Thu | Jun 21, 2018

Under 40 & under threat

Published:Sunday | June 20, 2010 | 12:00 AM
Young men on the corner. Statistics show that over 11,000 young men in Jamaica have been killed in the last nine years.-Norman Grindley/Chief Photographer

Philip Hamilton, Gleaner Writer

Jamaica's killing fields have claimed the lives of over 11,000 men in less than 10 years. Between 2000 and 2009, a large spread of men, many of whom were young inner-city fathers, under the age of 40, lost their lives to violence. Kingston, St Andrew, St Catherine, St James and Clarendon are the parishes that are most affected by this phenomenon.

According to data provided by the Statistical Institute of Jamaica (STATIN) and the Jamaica Constabulary Force (JCF), the majority of these murdered men were between the ages of 20 and 39 years old, a period when they are deemed to be at the most productive stage of their adult lives.

In 2009, the number of men killed reached an all-time high of 1,512, a significant jump above the previous year's figure of 1,453. There were 850 deaths recorded of men between the ages of 20 and 39 years old. The highest number of murders recorded for this particular group was 930, in 2005.

While these figures are extremely alarming, the issue of urban violence among young, inner-city black men is not confined to Jamaica.

Investigations by The Sunday Gleaner reveal that similar scenarios exist among young men of the same age group living in depressed urban areas in the United States, Canada, and the United Kingdom.

Common profile

The Sunday Gleaner understands that most of the murdered young men from these inner-city communities share a common profile: they were poor, uneducated, usually employed as labourers, or were unemployed.

Many of the victims, as well as their perpetrators, were in the same age group and often came from similar communities. Several of them knew each other.

Local law enforcers link the majority of the murders to gang acitivities or reprisals, with guns being used in over 75 per cent of the incidents.

Dr Herbert Gayle, lecturer in the Department of Sociology, Psychology and Social Work at the University of the West Indies (UWI), Mona, says Jamaica has one of the worst under-age-40 mortality rates in the world.

Gayle, who has done extensive research on gangs, says the rate is even higher in garrison communities, where as much as 25 per cent of young men living there will not live to see age 40.

"The average homicide rate for Jamaica since 2000 and 2009 is 51 per 100,000, which is the highest in the world, while El Salvador runs a close second at 47 per 100,000 persons," Gayle told The Sunday Gleaner.

He likened the situation to that of a full-time war where males were the dominant targets.

"There is a gender component to why 90 per cent of everybody who gets killed in this country is a male," said Gayle.

"If you look at other countries, it really is between 70 and 80 per cent, but if you are at war, you're going to go to 90 per cent. If the male is big enough, he is going to be killed."

Gayle says there also exists a strong link between gangs and political parties, the large gangs being politically aligned, with the smaller ones aligned to the big ones.

Figures from the JCF show that there are 250 gangs in Jamaica. However, Gayle believes the actual figure is much higher.

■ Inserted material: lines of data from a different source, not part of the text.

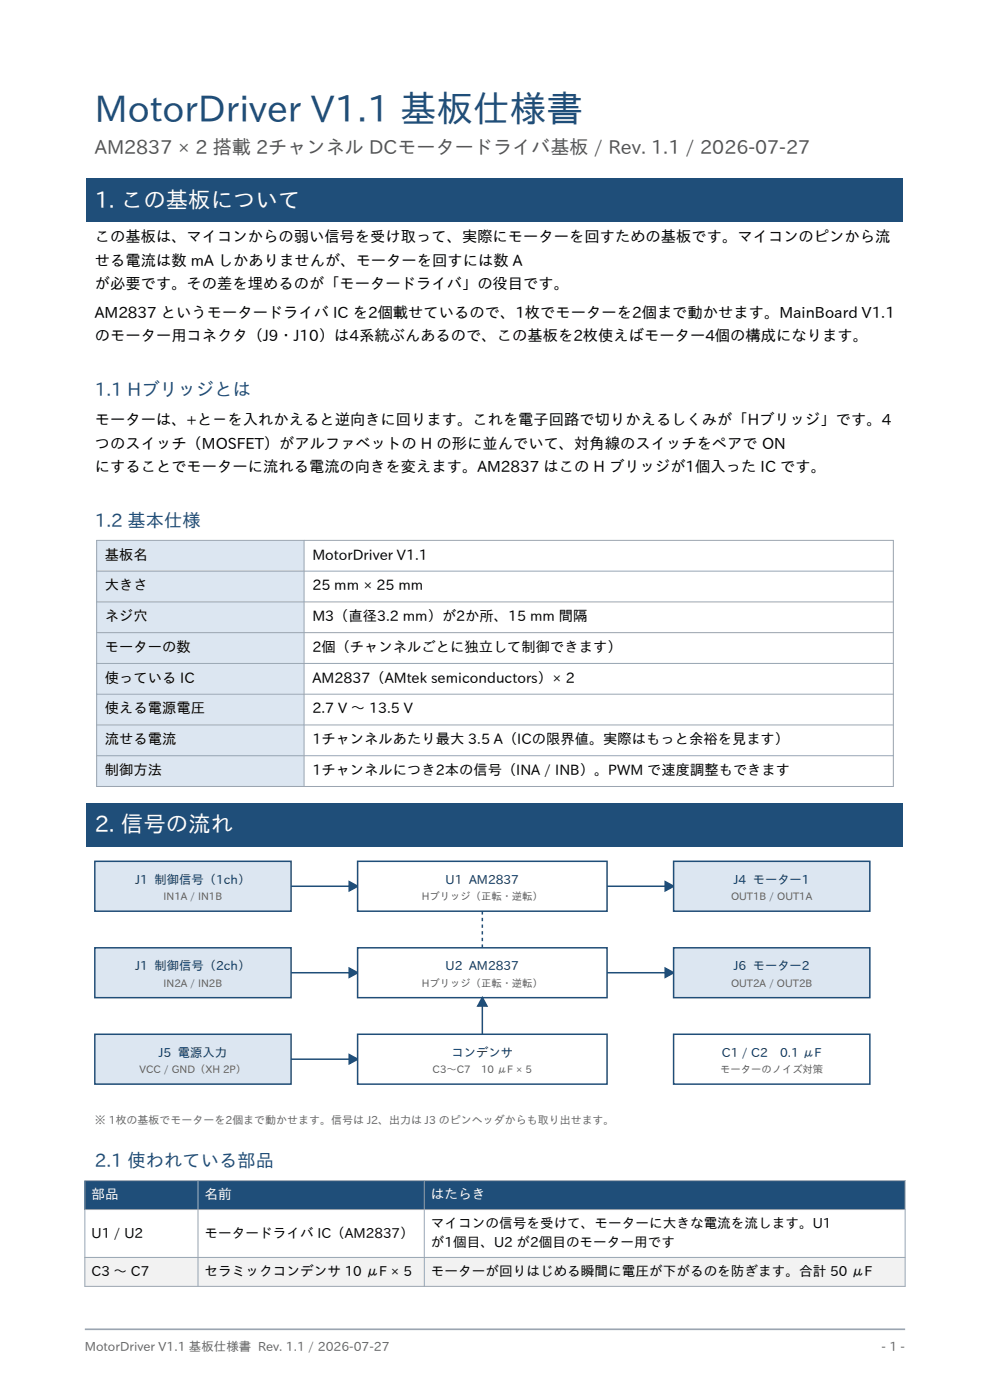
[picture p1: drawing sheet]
<svg xmlns="http://www.w3.org/2000/svg" width="210mm" height="297mm" viewBox="0 0 210 297" stroke-linecap="round" stroke-linejoin="round" font-family="sans-serif">
<defs><g id="words">
<text font-size="7.8" fill="#1f4e79" x="20.1" y="25.9">MotorDriver V1.1 基板仕様書</text>
<g font-size="4.8" fill="#fff">
<text x="20.1" y="44">1. この基板について</text>
<text x="20.1" y="176.5">2. 信号の流れ</text>
</g>
<text font-size="4.1" fill="#555" x="20.1" y="32.8">AM2837 × 2 搭載 2チャンネル DCモータードライバ基板 / Rev. 1.1 / 2026-07-27</text>
<g font-size="3.9" fill="#1f4e79">
<text x="20.1" y="84.1">1.1 Hブリッジとは</text>
<text x="20.1" y="111.8">1.2 基本仕様</text>
<text x="20.1" y="247.6">2.1 使われている部品</text>
</g>
<g font-size="3.2">
<text x="20.1" y="51.3">この基板は、マイコンからの弱い信号を受け取って、実際にモーターを回すための基板です。マイコンのピンから流</text>
<text x="20.1" y="56.4">せる電流は数 mA しかありませんが、モーターを回すには数 A</text>
<text x="20.1" y="61.4">が必要です。その差を埋めるのが「モータードライバ」の役目です。</text>
<text x="20.1" y="67.4">AM2837 というモータードライバ IC を2個載せているので、1枚でモーターを2個まで動かせます。MainBoard V1.1</text>
<text x="20.1" y="72.4">のモーター用コネクタ（J9・J10）は4系統ぶんあるので、この基板を2枚使えばモーター4個の構成になります。</text>
<text x="20.1" y="90.2">モーターは、+と－を入れかえると逆向きに回ります。これを電子回路で切りかえるしくみが「Hブリッジ」です。4</text>
<text x="20.1" y="95.2">つのスイッチ（MOSFET）がアルファベットの H の形に並んでいて、対角線のスイッチをペアで ON</text>
<text x="20.1" y="100.2">にすることでモーターに流れる電流の向きを変えます。AM2837 はこの H ブリッジが1個入った IC です。</text>
</g>
<g font-size="3">
<text x="22.3" y="118.7">基板名</text>
<text x="66.3" y="118.7">MotorDriver V1.1</text>
<text x="22.3" y="125.3">大きさ</text>
<text x="66.3" y="125.3">25 mm × 25 mm</text>
<text x="22.3" y="131.8">ネジ穴</text>
<text x="66.3" y="131.8">M3（直径3.2 mm）が2か所、15 mm 間隔</text>
<text x="22.3" y="138.3">モーターの数</text>
<text x="66.3" y="138.3">2個（チャンネルごとに独立して制御できます）</text>
<text x="22.3" y="144.8">使っている IC</text>
<text x="66.3" y="144.8">AM2837（AMtek semiconductors）× 2</text>
<text x="22.3" y="151.4">使える電源電圧</text>
<text x="66.3" y="151.4">2.7 V 〜 13.5 V</text>
<text x="22.3" y="157.9">流せる電流</text>
<text x="66.3" y="157.9">1チャンネルあたり最大 3.5 A（ICの限界値。実際はもっと余裕を見ます）</text>
<text x="22.3" y="164.4">制御方法</text>
<text x="66.3" y="164.4">1チャンネルにつき2本の信号（INA / INB）。PWM で速度調整もできます</text>
</g>
<g font-size="2.9" fill="#fff">
<text x="19.4" y="254.4">部品</text>
<text x="43.4" y="254.4">名前</text>
<text x="91.4" y="254.4">はたらき</text>
</g>
<g font-size="2.9">
<text x="19.4" y="262.6">U1 / U2</text>
<text x="43.4" y="262.6">モータードライバ IC（AM2837）</text>
<text x="91.4" y="260.5">マイコンの信号を受けて、モーターに大きな電流を流します。U1</text>
<text x="91.4" y="264.6">が1個目、U2 が2個目のモーター用です</text>
<text x="19.4" y="270.7">C3 〜 C7</text>
<text x="43.4" y="270.7">セラミックコンデンサ 10 μF × 5</text>
<text x="91.4" y="270.7">モーターが回りはじめる瞬間に電圧が下がるのを防ぎます。合計 50 μF</text>
</g>
<g font-size="2.6" fill="#12314d">
<text x="28.8" y="187.5">J1 制御信号（1ch）</text>
<text x="94.5" y="187.5">U1 AM2837</text>
<text x="155.6" y="187.5">J4 モーター1</text>
<text x="28.8" y="205.8">J1 制御信号（2ch）</text>
<text x="94.5" y="205.8">U2 AM2837</text>
<text x="155.6" y="205.8">J6 モーター2</text>
<text x="33.7" y="224.2">J5 電源入力</text>
<text x="95.8" y="224.2">コンデンサ</text>
<text x="153.1" y="224.2">C1 / C2　0.1 μF</text>
</g>
<g font-size="2.6" fill="#666">
<text x="18" y="286.5">MotorDriver V1.1 基板仕様書 Rev. 1.1 / 2026-07-27</text>
<text x="187" y="286.5">- 1 -</text>
</g>
<text font-size="2.3" fill="#666" x="20.1" y="238.5">※ 1枚の基板でモーターを2個まで動かせます。信号は J2、出力は J3 のピンヘッダからも取り出せます。</text>
<g font-size="2.2" fill="#5a5a5a">
<text x="34.7" y="191">IN1A / IN1B</text>
<text x="89.5" y="191">Hブリッジ（正転・逆転）</text>
<text x="155.1" y="191">OUT1B / OUT1A</text>
<text x="34.7" y="209.4">IN2A / IN2B</text>
<text x="89.5" y="209.4">Hブリッジ（正転・逆転）</text>
<text x="155.1" y="209.4">OUT2A / OUT2B</text>
<text x="29.6" y="227.7">VCC / GND（XH 2P）</text>
<text x="91.7" y="227.7">C3〜C7　10 μF × 5</text>
<text x="152.8" y="227.7">モーターのノイズ対策</text>
</g>
</g></defs>
<path d="M18 282h174" fill="none" stroke="#9aa5b1" stroke-width=".35"/>
<path d="M18.4 37.9h173.2v9.1h-173.2z" fill-rule="evenodd" fill="#1f4e79"/>
<path d="M20.5 114.6h44v52.2h-44z" fill-rule="evenodd" fill="#dce6f1"/>
<path d="M20.5 114.6h169v52.2h-169zM64.5 114.6v52.2M20.5 121.2h169M20.5 127.7h169M20.5 134.2h169M20.5 140.7h169M20.5 147.3h169M20.5 153.8h169M20.5 160.3h169" fill="none" stroke="#9aa5b1" stroke-width=".21"/>
<path d="M18.4 170.4h173.2v9.1h-173.2z" fill-rule="evenodd" fill="#1f4e79"/>
<path d="M20.1 182.7h41.6v10.6h-41.6z" fill-rule="evenodd" fill="#dce6f1" stroke="#1f4e79" stroke-width=".32"/>
<path d="M61.7 188h14.2" fill="none" stroke="#1f4e79" stroke-width=".32"/>
<path d="M74.1 187.1l1.8 .9-1.8 1z" fill="#1f4e79" stroke="#1f4e79" stroke-width=".35"/>
<path d="M75.9 182.7h52.9v10.6h-52.9z" fill-rule="evenodd" fill="#fff" stroke="#1f4e79" stroke-width=".32"/>
<path d="M128.8 188h14.1" fill="none" stroke="#1f4e79" stroke-width=".32"/>
<path d="M141.1 187.1l1.8 .9-1.8 1z" fill="#1f4e79" stroke="#1f4e79" stroke-width=".35"/>
<g fill="#dce6f1" stroke="#1f4e79" stroke-width=".32">
<path d="M142.9 182.7h41.6v10.6h-41.6z" fill-rule="evenodd"/>
<path d="M20.1 201.1h41.6v10.6h-41.6z" fill-rule="evenodd"/>
</g>
<path d="M61.7 206.4h14.2" fill="none" stroke="#1f4e79" stroke-width=".32"/>
<path d="M74.1 205.4l1.8 1-1.8 .9z" fill="#1f4e79" stroke="#1f4e79" stroke-width=".35"/>
<path d="M75.9 201.1h52.9v10.6h-52.9z" fill-rule="evenodd" fill="#fff" stroke="#1f4e79" stroke-width=".32"/>
<path d="M128.8 206.4h14.1" fill="none" stroke="#1f4e79" stroke-width=".32"/>
<path d="M141.1 205.4l1.8 1-1.8 .9z" fill="#1f4e79" stroke="#1f4e79" stroke-width=".35"/>
<g fill="#dce6f1" stroke="#1f4e79" stroke-width=".32">
<path d="M142.9 201.1h41.6v10.6h-41.6z" fill-rule="evenodd"/>
<path d="M20.1 219.4h41.6v10.6h-41.6z" fill-rule="evenodd"/>
</g>
<path d="M61.7 224.7h14.2" fill="none" stroke="#1f4e79" stroke-width=".32"/>
<path d="M74.1 223.8l1.8 .9-1.8 1z" fill="#1f4e79" stroke="#1f4e79" stroke-width=".35"/>
<path d="M75.9 219.4h52.9v10.6h-52.9z" fill-rule="evenodd" fill="#fff" stroke="#1f4e79" stroke-width=".32"/>
<path d="M102.3 211.7v7.7" fill="none" stroke="#1f4e79" stroke-width=".32"/>
<path d="M102.3 211.7l1 1.7h-1.9z" fill="#1f4e79" stroke="#1f4e79" stroke-width=".35"/>
<path d="M102.3 201.1v-7.8" fill="none" stroke="#1f4e79" stroke-width=".32" stroke-dasharray=".7 .7" stroke-linecap="butt"/>
<path d="M142.9 219.4h41.6v10.6h-41.6z" fill-rule="evenodd" fill="#fff" stroke="#1f4e79" stroke-width=".32"/>
<path d="M18 250.5h174v6.1h-174z" fill-rule="evenodd" fill="#1f4e79"/>
<path d="M18 266.8h174v6.1h-174z" fill-rule="evenodd" fill="#f2f2f2"/>
<path d="M18 250.5h174v22.4h-174zM18 256.6h174M42 250.5v22.4M90 250.5v22.4M18 266.8h174" fill="none" stroke="#9aa5b1" stroke-width=".21"/>
<use href="#words"/>
</svg>

Dr Kadamawe KnIfe, lecturer in strategic planning and entrepreneurship at the UWI, says murders among inner-city males can be traced back to their early involvement with gangs, some from as young as nine years old.

youth at risk

"These youth have engaged in activities which have put them at risk at getting involved with crime," said KnIfe. "Once they're involved with crime, they're at risk of being killed, and that is what is happening,"

He pointed out that many of the conflicts between youth in inner-city communities were anchored within politics, and usually became more organised during political campaigns when persons involved in gang activities could be seen supporting political parties.

KnIfe said the situation requires formal intervention programmes to engage youth with a view to preventing them from turning to gangs.

"There is no shortage of institutions out there who want to help. The reason things are not worse is because of the programmes that exist in some of these communities. Many of these exist with little or no access to financing, and are, therefore, not as effective as they could be," said KnIfe.

He said what was needed was the development of an entrepreneurial policy by the State which would create high-growth entrepreneurs in inner-city communities, thereby discouraging persons from engaging in informal illegal activities.

Although the situation for young Jamaican men may seem grim, Gayle believes it is not a lost cause.

Gayle suggests that Jamaica look towards countries like South African and Colombia, which previously experienced mortality rates up to 71 per 100,000, with a view to encouraging dialogue as a step towards identifying solutions.